=== Begin Enclosure ===

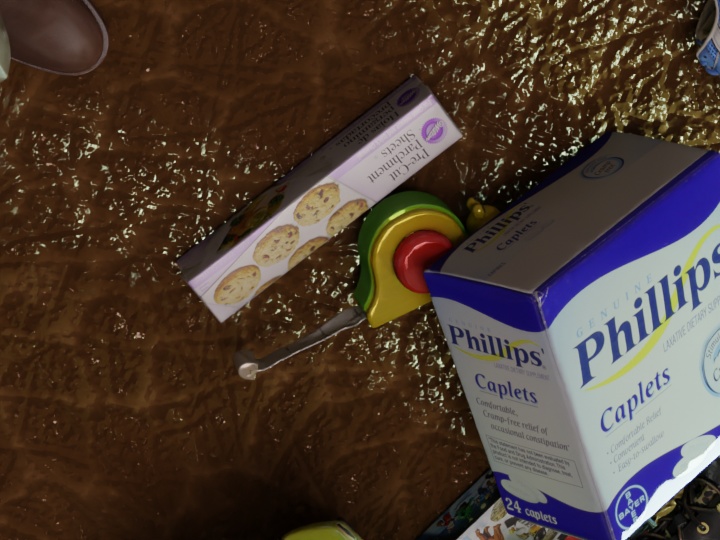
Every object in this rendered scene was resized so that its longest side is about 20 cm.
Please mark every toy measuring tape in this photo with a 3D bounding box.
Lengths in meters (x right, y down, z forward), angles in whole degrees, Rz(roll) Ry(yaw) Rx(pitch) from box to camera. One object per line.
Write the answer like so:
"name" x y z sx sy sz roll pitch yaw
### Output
"toy measuring tape" 0.000 0.000 1.548 0.200 0.074 0.074 -25 117 -5

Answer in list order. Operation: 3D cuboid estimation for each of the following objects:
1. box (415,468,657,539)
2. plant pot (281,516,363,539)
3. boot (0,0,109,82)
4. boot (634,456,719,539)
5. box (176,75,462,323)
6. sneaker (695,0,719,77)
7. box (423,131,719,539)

=== End Enclosure ===

◆ REQUIREMENT
If a record holds a picture, leave the picture out and copy everything else exactly.

◆ OUTPUT FOR THIS TASK
Every object in this rendered scene was resized so that its longest side is about 20 cm.
Please mark every toy measuring tape in this photo with a 3D bounding box.
Lengths in meters (x right, y down, z forward), angles in whole degrees, Rz(roll) Ry(yaw) Rx(pitch) from box to camera. One object per line.
Write the answer like so:
"name" x y z sx sy sz roll pitch yaw
### Output
"toy measuring tape" 0.000 0.000 1.548 0.200 0.074 0.074 -25 117 -5

Answer in list order. Operation: 3D cuboid estimation for each of the following objects:
1. box (415,468,657,539)
2. plant pot (281,516,363,539)
3. boot (0,0,109,82)
4. boot (634,456,719,539)
5. box (176,75,462,323)
6. sneaker (695,0,719,77)
7. box (423,131,719,539)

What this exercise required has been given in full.